● **REQUIRED WORK**
The full listing must be reproduced exactly as given.
———
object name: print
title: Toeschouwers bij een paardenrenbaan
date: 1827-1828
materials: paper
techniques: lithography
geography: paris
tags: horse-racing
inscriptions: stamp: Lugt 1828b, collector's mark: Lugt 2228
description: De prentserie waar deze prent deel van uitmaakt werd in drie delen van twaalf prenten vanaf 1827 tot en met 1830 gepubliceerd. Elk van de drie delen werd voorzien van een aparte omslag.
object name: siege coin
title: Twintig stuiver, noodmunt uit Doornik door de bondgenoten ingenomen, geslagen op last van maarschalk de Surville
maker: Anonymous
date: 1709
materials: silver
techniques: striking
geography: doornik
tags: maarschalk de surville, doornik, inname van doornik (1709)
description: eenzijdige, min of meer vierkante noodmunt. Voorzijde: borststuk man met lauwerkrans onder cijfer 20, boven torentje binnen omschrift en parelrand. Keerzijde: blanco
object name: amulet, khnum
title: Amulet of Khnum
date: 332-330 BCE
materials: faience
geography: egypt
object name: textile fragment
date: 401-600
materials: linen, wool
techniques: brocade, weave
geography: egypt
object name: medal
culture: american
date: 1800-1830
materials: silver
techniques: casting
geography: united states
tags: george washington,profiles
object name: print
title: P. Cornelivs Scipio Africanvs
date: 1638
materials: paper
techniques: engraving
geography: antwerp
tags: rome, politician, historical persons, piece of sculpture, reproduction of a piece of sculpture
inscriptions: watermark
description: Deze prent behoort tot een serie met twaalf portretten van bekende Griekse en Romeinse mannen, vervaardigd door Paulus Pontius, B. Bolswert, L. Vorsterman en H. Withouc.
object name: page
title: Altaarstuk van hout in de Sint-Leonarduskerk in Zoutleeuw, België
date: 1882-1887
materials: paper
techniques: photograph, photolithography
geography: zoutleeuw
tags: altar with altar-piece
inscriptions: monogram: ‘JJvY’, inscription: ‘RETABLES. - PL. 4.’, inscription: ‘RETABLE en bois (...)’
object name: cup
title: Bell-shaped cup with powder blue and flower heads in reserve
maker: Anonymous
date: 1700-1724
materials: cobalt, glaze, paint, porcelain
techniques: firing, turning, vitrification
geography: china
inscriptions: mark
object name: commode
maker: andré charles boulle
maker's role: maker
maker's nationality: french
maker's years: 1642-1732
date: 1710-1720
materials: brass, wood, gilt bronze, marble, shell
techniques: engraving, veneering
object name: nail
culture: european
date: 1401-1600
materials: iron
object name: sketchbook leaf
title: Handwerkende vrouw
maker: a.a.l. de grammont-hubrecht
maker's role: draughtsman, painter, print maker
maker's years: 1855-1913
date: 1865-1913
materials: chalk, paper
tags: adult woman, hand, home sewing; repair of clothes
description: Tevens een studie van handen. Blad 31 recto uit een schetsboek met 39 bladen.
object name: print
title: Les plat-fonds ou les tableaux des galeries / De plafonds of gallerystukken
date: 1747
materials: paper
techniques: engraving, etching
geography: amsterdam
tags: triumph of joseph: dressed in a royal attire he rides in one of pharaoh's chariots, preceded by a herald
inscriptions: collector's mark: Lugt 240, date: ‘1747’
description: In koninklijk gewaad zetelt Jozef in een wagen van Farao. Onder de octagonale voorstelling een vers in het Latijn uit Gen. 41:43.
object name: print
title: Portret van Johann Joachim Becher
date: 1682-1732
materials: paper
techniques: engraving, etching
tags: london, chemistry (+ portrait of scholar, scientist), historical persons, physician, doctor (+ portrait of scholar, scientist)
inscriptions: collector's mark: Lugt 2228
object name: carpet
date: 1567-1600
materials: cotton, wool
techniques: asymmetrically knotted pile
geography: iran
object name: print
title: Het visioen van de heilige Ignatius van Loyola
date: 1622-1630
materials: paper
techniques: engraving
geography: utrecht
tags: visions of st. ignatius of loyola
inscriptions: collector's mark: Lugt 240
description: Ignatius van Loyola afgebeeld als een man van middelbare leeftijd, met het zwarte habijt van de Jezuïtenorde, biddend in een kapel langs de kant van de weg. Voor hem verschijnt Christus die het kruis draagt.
———
● **REPLY**
object name: print
title: Toeschouwers bij een paardenrenbaan
date: 1827-1828
materials: paper
techniques: lithography
geography: paris
tags: horse-racing
inscriptions: stamp: Lugt 1828b, collector's mark: Lugt 2228
description: De prentserie waar deze prent deel van uitmaakt werd in drie delen van twaalf prenten vanaf 1827 tot en met 1830 gepubliceerd. Elk van de drie delen werd voorzien van een aparte omslag.
object name: siege coin
title: Twintig stuiver, noodmunt uit Doornik door de bondgenoten ingenomen, geslagen op last van maarschalk de Surville
maker: Anonymous
date: 1709
materials: silver
techniques: striking
geography: doornik
tags: maarschalk de surville, doornik, inname van doornik (1709)
description: eenzijdige, min of meer vierkante noodmunt. Voorzijde: borststuk man met lauwerkrans onder cijfer 20, boven torentje binnen omschrift en parelrand. Keerzijde: blanco
object name: amulet, khnum
title: Amulet of Khnum
date: 332-330 BCE
materials: faience
geography: egypt
object name: textile fragment
date: 401-600
materials: linen, wool
techniques: brocade, weave
geography: egypt
object name: medal
culture: american
date: 1800-1830
materials: silver
techniques: casting
geography: united states
tags: george washington,profiles
object name: print
title: P. Cornelivs Scipio Africanvs
date: 1638
materials: paper
techniques: engraving
geography: antwerp
tags: rome, politician, historical persons, piece of sculpture, reproduction of a piece of sculpture
inscriptions: watermark
description: Deze prent behoort tot een serie met twaalf portretten van bekende Griekse en Romeinse mannen, vervaardigd door Paulus Pontius, B. Bolswert, L. Vorsterman en H. Withouc.
object name: page
title: Altaarstuk van hout in de Sint-Leonarduskerk in Zoutleeuw, België
date: 1882-1887
materials: paper
techniques: photograph, photolithography
geography: zoutleeuw
tags: altar with altar-piece
inscriptions: monogram: ‘JJvY’, inscription: ‘RETABLES. - PL. 4.’, inscription: ‘RETABLE en bois (...)’
object name: cup
title: Bell-shaped cup with powder blue and flower heads in reserve
maker: Anonymous
date: 1700-1724
materials: cobalt, glaze, paint, porcelain
techniques: firing, turning, vitrification
geography: china
inscriptions: mark
object name: commode
maker: andré charles boulle
maker's role: maker
maker's nationality: french
maker's years: 1642-1732
date: 1710-1720
materials: brass, wood, gilt bronze, marble, shell
techniques: engraving, veneering
object name: nail
culture: european
date: 1401-1600
materials: iron
object name: sketchbook leaf
title: Handwerkende vrouw
maker: a.a.l. de grammont-hubrecht
maker's role: draughtsman, painter, print maker
maker's years: 1855-1913
date: 1865-1913
materials: chalk, paper
tags: adult woman, hand, home sewing; repair of clothes
description: Tevens een studie van handen. Blad 31 recto uit een schetsboek met 39 bladen.
object name: print
title: Les plat-fonds ou les tableaux des galeries / De plafonds of gallerystukken
date: 1747
materials: paper
techniques: engraving, etching
geography: amsterdam
tags: triumph of joseph: dressed in a royal attire he rides in one of pharaoh's chariots, preceded by a herald
inscriptions: collector's mark: Lugt 240, date: ‘1747’
description: In koninklijk gewaad zetelt Jozef in een wagen van Farao. Onder de octagonale voorstelling een vers in het Latijn uit Gen. 41:43.
object name: print
title: Portret van Johann Joachim Becher
date: 1682-1732
materials: paper
techniques: engraving, etching
tags: london, chemistry (+ portrait of scholar, scientist), historical persons, physician, doctor (+ portrait of scholar, scientist)
inscriptions: collector's mark: Lugt 2228
object name: carpet
date: 1567-1600
materials: cotton, wool
techniques: asymmetrically knotted pile
geography: iran
object name: print
title: Het visioen van de heilige Ignatius van Loyola
date: 1622-1630
materials: paper
techniques: engraving
geography: utrecht
tags: visions of st. ignatius of loyola
inscriptions: collector's mark: Lugt 240
description: Ignatius van Loyola afgebeeld als een man van middelbare leeftijd, met het zwarte habijt van de Jezuïtenorde, biddend in een kapel langs de kant van de weg. Voor hem verschijnt Christus die het kruis draagt.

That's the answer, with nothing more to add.